Me: You said "drawing" blanks. That's funny.

Steve: Okay.

Second call.

Me: Is this Gillette?

Tina: Yes.

Me: I use your Mach 3 Turbo razor. My wife uses your Venus razor. Well, it occurred to me that even though the Mach 3 is steel gray and marketed real tough, like it was a Bradley Fighting Vehicle or a hand grenade or something, and the Venus is turquoise and looks all girly, like it should be dressed in a petticoat, the business end of both products looks identical. So, I figured that what we had here was a craven marketing ploy, where the products were the same, but you were selling them as though they were different. So, I took my wife's blade and put it on my razor, and I put my blade on her razor.

Tina: Okay.

Me: My wife reported that the Mach 3 didn't do a great job on her legs.
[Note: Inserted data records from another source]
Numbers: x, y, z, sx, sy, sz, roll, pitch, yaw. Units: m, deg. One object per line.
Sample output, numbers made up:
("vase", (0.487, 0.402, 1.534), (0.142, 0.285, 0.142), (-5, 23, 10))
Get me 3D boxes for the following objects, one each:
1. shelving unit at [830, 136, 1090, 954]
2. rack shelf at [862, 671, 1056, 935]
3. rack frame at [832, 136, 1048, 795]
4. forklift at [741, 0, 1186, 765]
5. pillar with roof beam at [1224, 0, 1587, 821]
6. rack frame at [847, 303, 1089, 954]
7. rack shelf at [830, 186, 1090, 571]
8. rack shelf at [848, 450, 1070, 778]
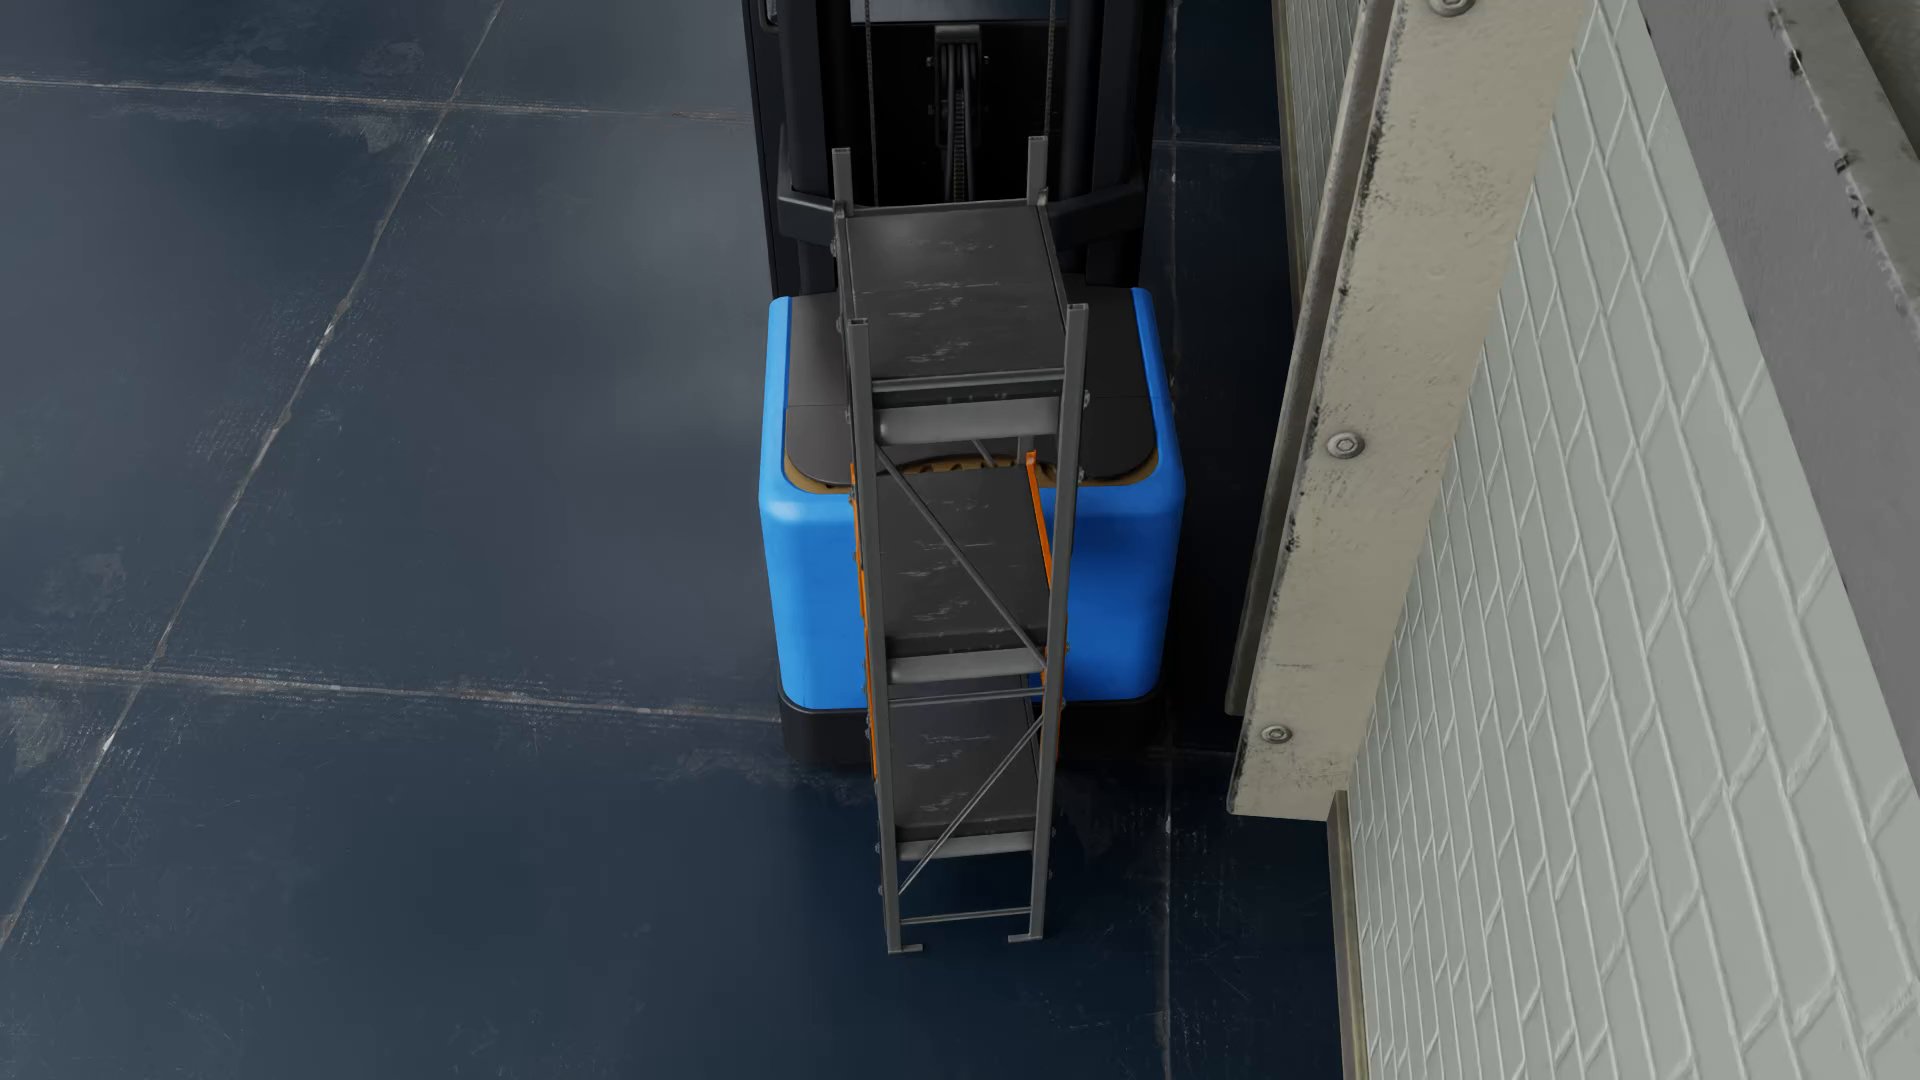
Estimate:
("shelving unit", (-0.011, 0.157, 3.684), (0.431, 2.100, 0.503), (-4, 48, -4))
("rack shelf", (-0.011, 0.638, 4.210), (0.431, 0.518, 0.480), (-4, 48, -4))
("rack frame", (-0.037, -0.023, 3.848), (0.400, 2.100, 0.015), (-4, 48, -4))
("forklift", (-0.025, -1.449, 4.589), (1.130, 2.935, 3.031), (-2, 48, -2))
("pillar with roof beam", (-3.383, -2.712, 1.632), (9.100, 9.000, 0.400), (4, 48, 4))
("rack frame", (0.014, 0.336, 3.520), (0.400, 2.100, 0.015), (-4, 48, -4))
("rack shelf", (-0.011, -0.307, 3.177), (0.431, 0.518, 0.480), (-4, 48, -4))
("rack shelf", (-0.011, 0.166, 3.694), (0.431, 0.518, 0.480), (-4, 48, -4))

Me, I thought that the Venus gave me a fine shave until about five minutes afterward, when several raging geysers of blood appeared on my face. I finally got them under control with toilet paper, although I had so much paper on my face that I walked around looking like a pinata.
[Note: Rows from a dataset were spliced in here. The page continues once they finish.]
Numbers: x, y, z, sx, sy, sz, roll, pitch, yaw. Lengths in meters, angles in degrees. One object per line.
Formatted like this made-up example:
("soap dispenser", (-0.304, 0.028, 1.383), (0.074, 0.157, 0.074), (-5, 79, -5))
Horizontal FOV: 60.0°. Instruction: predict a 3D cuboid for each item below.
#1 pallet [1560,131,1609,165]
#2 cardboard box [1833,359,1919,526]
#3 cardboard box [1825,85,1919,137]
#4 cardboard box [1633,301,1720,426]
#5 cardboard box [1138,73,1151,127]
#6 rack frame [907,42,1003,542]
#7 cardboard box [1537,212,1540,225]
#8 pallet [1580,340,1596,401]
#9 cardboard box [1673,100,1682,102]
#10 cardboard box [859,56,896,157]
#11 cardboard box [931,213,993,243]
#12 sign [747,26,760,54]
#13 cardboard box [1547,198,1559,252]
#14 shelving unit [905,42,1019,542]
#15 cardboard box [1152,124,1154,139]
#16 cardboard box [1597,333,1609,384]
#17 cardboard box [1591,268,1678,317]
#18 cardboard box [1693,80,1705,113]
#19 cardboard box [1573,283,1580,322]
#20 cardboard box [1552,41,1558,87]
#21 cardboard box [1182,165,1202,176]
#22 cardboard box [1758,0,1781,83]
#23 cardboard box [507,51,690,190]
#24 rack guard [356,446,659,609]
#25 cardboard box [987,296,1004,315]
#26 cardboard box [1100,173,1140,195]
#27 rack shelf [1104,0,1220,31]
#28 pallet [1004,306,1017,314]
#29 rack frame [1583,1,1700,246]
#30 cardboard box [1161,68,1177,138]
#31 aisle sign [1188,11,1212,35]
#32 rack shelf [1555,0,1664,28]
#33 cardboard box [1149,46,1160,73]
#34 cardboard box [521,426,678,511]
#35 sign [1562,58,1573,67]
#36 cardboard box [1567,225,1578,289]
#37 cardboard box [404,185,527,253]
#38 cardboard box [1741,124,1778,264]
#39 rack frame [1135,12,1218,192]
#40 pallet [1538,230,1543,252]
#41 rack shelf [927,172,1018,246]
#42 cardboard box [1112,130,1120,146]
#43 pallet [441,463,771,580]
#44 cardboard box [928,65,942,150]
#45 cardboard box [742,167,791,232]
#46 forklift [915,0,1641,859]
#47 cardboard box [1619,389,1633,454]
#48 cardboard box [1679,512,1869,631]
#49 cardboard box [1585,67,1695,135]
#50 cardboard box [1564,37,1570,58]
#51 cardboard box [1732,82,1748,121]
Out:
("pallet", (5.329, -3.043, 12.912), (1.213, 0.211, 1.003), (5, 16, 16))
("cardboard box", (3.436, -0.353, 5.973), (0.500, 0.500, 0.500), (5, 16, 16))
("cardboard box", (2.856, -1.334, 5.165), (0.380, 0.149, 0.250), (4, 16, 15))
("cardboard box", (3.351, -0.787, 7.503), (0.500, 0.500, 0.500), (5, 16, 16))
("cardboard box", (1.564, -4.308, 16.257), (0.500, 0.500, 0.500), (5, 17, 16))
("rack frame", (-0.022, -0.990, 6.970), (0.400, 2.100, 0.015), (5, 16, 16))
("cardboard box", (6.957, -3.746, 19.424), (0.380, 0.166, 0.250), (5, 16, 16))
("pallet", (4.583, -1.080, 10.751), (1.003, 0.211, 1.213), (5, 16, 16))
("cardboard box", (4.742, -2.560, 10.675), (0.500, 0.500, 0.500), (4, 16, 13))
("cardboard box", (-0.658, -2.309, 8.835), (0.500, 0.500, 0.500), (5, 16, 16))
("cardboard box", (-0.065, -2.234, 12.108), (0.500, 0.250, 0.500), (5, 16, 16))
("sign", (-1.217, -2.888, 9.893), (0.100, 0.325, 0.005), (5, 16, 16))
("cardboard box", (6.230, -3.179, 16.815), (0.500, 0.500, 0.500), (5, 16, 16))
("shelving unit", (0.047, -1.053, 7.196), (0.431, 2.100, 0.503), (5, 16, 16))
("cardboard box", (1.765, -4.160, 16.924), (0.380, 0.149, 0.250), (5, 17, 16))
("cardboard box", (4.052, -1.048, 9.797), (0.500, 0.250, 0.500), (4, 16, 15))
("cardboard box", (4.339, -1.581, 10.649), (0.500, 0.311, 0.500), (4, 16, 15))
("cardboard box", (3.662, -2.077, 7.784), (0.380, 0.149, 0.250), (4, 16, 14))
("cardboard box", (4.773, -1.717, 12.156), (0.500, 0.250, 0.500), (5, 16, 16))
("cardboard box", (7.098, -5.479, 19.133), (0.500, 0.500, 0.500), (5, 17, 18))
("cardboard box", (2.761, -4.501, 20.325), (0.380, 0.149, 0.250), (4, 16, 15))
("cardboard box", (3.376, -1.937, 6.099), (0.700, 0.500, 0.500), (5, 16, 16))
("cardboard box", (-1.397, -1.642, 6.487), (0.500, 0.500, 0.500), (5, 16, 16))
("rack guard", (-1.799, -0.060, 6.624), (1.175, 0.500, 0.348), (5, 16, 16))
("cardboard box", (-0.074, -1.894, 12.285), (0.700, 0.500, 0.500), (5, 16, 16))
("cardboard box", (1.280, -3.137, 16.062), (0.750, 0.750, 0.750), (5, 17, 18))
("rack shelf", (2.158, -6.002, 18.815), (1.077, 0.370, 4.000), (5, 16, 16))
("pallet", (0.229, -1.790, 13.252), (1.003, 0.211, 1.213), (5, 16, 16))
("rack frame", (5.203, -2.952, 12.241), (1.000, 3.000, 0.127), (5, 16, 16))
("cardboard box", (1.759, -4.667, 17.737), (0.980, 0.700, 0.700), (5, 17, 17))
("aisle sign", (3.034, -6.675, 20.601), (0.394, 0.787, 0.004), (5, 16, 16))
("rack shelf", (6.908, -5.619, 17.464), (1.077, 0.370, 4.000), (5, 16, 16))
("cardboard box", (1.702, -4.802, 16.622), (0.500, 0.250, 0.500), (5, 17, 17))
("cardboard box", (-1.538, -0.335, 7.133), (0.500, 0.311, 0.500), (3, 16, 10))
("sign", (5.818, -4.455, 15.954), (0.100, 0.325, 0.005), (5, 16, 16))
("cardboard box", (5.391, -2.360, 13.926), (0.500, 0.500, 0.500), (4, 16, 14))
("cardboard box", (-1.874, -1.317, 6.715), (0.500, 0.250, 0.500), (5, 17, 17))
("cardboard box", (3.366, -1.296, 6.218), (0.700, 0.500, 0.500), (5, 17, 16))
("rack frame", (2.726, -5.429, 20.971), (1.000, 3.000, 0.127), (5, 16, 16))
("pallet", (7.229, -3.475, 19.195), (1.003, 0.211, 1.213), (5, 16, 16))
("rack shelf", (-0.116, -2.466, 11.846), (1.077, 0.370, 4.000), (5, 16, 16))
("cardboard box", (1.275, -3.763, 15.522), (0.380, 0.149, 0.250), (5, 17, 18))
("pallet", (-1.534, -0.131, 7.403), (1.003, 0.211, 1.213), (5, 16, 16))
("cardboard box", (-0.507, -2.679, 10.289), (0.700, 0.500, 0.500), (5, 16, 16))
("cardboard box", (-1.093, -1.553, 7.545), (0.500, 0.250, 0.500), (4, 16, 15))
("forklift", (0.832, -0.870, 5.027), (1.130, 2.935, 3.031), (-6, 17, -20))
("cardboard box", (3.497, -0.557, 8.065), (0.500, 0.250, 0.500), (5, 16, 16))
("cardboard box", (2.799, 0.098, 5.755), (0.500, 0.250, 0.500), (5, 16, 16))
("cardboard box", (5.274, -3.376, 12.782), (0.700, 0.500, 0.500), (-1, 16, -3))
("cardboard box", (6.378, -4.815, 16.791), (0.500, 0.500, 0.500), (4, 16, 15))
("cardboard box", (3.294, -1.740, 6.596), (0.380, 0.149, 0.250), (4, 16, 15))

Eventually, things seemed okay. But several hours later, when I was speaking to a college class, a student interrupted me to note, and I quote, "Your face? It's bleeding pretty bad."

My point is, I was wrong about your products. They are not interchangeable, and you are not soulless corporate scum.

Tina: Thank you.

Me: No problem, ma'am. We're just humorists here, doing our job.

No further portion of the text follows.